For curiosity, the total number of solutions is (GE)!/(G!*(E!)^G).
In your example, it is (2*2)!/(2!*(2!)^2) = 3.
For N = 200 and E = 2, there are 6.7e186 solutions.
For N = 200 and E = 5, there are 6.6e243 solutions (the maximum I found for 200 elements).
Additionally, for N = 200 and E > 13, the number of possibilities for the first group is greater than 2^64 (so it cannot be stored in a 64-bit integer), which is problematic for representing an index. But as long as you don't need groups with more than 13 elements, you can use arrays of 64-bit integers as indices.
Perhaps a simulated annealing approach might work. You can start with a non-optimal initial solution and iterate using heuristics to improve.
Your scoring criteria may help you choose the initial solution, e.g. make the best scoring first group you can, then with what's left make the best scoring second group, and so on.
Good choices of "neighboring states" may be implied by your scoring criteria, but at the very least, you could consider two states neighboring if they differ by a single swap.
So the iteration portion of the algorithm would be to try a bunch of swaps, sampled randomly, and choose the one that improves the global score according to the annealing schedule.
I'm hoping you can find a better choice of the adjacent states!
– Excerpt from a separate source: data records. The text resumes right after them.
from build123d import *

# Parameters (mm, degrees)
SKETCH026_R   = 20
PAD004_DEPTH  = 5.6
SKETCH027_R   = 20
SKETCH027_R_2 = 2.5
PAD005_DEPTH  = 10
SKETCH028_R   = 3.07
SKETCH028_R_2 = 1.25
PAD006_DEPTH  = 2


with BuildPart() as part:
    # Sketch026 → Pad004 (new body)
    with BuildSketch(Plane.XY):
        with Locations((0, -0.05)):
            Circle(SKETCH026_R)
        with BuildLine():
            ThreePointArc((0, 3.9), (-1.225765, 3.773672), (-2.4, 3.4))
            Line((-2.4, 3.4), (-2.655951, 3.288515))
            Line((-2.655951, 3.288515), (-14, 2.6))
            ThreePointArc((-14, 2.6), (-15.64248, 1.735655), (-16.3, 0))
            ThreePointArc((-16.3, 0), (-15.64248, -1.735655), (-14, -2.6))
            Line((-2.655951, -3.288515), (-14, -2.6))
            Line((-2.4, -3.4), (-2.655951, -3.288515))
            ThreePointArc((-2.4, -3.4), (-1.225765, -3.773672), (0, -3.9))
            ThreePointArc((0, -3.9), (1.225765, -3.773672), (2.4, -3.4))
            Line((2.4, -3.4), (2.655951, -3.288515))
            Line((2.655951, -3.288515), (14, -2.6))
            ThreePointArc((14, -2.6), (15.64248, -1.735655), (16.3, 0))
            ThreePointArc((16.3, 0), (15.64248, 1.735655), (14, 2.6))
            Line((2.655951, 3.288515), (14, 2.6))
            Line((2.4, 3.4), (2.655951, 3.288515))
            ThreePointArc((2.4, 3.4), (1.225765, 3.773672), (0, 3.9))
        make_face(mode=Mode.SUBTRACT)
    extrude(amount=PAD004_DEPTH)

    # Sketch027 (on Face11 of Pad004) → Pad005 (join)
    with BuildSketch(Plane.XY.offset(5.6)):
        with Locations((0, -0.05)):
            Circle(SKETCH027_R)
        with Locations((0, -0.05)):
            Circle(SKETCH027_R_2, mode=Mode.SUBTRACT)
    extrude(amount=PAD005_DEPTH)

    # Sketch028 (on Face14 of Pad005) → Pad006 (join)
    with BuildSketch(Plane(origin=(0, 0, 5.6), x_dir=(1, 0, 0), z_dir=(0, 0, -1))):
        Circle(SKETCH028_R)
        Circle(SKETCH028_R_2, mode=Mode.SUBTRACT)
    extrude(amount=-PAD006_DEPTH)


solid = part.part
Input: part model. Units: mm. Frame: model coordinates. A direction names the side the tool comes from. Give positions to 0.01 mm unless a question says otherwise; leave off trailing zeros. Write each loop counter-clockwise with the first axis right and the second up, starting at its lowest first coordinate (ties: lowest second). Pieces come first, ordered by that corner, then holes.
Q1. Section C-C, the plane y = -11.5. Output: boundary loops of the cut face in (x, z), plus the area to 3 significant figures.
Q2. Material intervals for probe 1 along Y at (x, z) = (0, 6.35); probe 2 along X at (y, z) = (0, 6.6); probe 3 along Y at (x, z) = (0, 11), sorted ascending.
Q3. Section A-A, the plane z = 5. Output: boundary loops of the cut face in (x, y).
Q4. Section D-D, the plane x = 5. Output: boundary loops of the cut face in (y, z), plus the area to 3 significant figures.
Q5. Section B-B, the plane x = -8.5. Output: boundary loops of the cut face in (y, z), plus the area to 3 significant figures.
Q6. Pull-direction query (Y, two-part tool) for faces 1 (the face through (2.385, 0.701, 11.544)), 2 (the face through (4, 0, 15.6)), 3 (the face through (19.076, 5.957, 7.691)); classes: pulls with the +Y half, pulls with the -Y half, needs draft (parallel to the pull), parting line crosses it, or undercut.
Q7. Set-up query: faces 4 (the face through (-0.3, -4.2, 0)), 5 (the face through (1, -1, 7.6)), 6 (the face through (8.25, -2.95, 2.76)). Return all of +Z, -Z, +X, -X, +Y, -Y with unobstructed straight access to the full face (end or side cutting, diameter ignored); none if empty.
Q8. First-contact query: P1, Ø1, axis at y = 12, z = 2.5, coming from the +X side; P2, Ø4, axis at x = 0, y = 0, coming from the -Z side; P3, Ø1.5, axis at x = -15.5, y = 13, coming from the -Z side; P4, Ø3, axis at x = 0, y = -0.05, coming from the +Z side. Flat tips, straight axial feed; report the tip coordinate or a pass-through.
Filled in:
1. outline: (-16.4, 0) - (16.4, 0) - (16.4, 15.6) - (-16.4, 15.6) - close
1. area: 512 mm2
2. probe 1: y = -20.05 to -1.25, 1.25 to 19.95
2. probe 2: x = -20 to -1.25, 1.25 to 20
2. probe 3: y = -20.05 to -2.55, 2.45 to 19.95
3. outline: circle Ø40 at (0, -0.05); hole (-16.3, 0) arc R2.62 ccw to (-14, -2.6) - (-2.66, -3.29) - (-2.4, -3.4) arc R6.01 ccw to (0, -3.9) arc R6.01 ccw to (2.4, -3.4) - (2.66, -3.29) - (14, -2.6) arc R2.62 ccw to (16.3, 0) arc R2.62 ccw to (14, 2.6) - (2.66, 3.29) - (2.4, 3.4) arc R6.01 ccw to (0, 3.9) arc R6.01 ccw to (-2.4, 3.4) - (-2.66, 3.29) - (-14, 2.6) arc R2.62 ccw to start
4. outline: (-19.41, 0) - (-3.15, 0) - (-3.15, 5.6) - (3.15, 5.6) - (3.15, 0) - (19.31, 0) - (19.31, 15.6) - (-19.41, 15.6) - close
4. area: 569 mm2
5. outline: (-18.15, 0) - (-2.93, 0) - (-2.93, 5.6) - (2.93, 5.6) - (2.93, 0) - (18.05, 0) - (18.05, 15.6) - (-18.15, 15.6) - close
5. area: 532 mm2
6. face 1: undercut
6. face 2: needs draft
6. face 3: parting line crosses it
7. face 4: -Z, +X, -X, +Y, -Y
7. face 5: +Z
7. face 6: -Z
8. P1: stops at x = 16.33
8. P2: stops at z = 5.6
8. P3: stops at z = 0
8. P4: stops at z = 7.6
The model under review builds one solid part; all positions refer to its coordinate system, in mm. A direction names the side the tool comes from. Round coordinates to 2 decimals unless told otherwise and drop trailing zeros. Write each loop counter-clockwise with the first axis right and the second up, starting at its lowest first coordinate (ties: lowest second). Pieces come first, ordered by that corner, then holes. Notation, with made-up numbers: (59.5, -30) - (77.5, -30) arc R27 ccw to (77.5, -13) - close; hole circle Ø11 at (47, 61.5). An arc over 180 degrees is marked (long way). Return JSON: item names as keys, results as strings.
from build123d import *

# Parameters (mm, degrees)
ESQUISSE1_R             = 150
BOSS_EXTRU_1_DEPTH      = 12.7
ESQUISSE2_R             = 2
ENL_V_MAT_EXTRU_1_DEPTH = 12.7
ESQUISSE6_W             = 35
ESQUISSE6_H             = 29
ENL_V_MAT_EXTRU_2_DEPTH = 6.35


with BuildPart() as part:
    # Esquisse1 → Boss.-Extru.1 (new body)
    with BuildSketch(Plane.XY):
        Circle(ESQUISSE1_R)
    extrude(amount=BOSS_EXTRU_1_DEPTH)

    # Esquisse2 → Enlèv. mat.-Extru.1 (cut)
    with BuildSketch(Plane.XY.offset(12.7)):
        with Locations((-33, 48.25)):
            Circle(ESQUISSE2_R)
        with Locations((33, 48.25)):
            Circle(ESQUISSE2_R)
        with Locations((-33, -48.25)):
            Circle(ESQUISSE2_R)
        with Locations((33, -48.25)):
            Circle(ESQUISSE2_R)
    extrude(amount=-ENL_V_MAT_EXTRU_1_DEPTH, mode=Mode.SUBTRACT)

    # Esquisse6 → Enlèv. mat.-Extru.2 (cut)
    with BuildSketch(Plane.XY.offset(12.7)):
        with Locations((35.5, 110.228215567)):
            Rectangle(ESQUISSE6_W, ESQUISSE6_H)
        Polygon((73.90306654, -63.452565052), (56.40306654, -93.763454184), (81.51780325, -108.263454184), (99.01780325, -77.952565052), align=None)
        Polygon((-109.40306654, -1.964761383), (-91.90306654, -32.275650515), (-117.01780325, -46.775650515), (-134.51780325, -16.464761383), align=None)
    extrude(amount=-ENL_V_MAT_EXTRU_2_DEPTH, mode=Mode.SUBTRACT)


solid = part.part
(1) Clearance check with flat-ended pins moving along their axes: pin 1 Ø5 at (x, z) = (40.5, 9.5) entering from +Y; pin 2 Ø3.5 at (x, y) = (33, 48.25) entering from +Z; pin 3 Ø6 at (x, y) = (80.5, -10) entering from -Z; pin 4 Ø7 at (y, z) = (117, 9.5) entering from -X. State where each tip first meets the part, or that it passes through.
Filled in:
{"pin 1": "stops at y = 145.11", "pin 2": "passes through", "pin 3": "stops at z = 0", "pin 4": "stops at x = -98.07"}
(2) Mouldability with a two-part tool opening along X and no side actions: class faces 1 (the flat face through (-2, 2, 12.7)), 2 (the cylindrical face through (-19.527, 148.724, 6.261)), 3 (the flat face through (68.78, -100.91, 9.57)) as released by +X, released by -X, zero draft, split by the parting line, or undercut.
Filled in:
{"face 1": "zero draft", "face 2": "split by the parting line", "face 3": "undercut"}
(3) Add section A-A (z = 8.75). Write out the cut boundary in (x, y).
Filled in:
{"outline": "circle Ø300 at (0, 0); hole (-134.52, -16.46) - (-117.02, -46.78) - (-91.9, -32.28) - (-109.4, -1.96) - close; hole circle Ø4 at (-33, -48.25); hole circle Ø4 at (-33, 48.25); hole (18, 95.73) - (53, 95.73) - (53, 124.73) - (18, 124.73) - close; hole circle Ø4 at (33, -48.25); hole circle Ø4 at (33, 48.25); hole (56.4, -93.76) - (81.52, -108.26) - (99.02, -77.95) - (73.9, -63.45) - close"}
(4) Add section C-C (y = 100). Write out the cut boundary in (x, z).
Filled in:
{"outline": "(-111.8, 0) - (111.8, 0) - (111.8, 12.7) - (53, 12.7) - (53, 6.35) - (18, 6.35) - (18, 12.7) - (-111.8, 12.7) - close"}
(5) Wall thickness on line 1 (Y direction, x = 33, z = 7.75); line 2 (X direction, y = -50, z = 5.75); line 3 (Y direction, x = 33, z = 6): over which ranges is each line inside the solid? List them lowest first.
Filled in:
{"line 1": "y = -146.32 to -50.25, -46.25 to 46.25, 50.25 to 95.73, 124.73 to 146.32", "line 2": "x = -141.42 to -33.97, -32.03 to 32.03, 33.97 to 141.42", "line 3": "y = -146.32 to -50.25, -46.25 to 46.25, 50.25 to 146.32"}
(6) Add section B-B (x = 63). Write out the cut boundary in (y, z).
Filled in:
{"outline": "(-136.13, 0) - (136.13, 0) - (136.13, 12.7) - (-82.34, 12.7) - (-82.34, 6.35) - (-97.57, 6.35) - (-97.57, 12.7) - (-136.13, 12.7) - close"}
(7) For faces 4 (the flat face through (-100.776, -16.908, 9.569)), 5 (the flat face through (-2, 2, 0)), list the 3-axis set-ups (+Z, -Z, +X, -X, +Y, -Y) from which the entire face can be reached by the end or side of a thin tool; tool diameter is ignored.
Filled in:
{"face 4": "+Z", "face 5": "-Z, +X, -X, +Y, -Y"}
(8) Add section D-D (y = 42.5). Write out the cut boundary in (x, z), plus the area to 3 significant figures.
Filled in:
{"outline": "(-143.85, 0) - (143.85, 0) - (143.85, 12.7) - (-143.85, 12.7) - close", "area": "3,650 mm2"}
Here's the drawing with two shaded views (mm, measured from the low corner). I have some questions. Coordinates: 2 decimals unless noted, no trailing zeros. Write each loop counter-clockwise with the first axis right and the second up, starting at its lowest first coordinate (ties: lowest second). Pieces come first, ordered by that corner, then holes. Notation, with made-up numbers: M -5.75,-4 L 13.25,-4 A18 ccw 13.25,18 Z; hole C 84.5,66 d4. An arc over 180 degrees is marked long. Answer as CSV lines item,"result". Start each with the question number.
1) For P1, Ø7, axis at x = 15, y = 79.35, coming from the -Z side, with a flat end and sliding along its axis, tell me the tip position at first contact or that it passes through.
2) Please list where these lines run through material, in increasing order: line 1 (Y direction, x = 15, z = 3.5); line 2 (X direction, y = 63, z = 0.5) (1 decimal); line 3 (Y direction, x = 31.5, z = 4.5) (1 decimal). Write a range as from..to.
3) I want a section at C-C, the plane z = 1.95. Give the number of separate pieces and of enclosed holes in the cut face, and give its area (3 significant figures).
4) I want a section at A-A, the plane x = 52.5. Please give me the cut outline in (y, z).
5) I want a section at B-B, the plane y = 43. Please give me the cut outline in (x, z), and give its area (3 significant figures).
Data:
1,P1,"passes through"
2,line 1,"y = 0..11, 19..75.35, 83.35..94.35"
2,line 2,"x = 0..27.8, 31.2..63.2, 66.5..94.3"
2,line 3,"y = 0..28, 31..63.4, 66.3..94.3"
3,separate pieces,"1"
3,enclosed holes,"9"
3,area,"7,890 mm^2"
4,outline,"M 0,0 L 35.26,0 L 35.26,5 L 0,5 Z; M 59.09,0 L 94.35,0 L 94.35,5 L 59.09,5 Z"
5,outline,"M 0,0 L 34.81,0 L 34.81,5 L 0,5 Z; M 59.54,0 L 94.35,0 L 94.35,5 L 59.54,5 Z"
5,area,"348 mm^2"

That is, I'm hoping you can find better rules for iteratively improving based on your scoring criteria.
If you have a sufficiently large population that you can't fit all assignations in memory and are unlikely to ever test all possible assignations, then the simplest method will just be to choose test assignations randomly. For example:
repeat
randomly shuffle population
put 1st n/2 members of the shuffled pop into assig1 and 2nd n/2 into assig2
score assignation and record it if best so far
until bored
If you have a large population it is unlikely that there will be much loss of efficiency due to duplicating a test as it is unlikely that you would chance on the same assignation again.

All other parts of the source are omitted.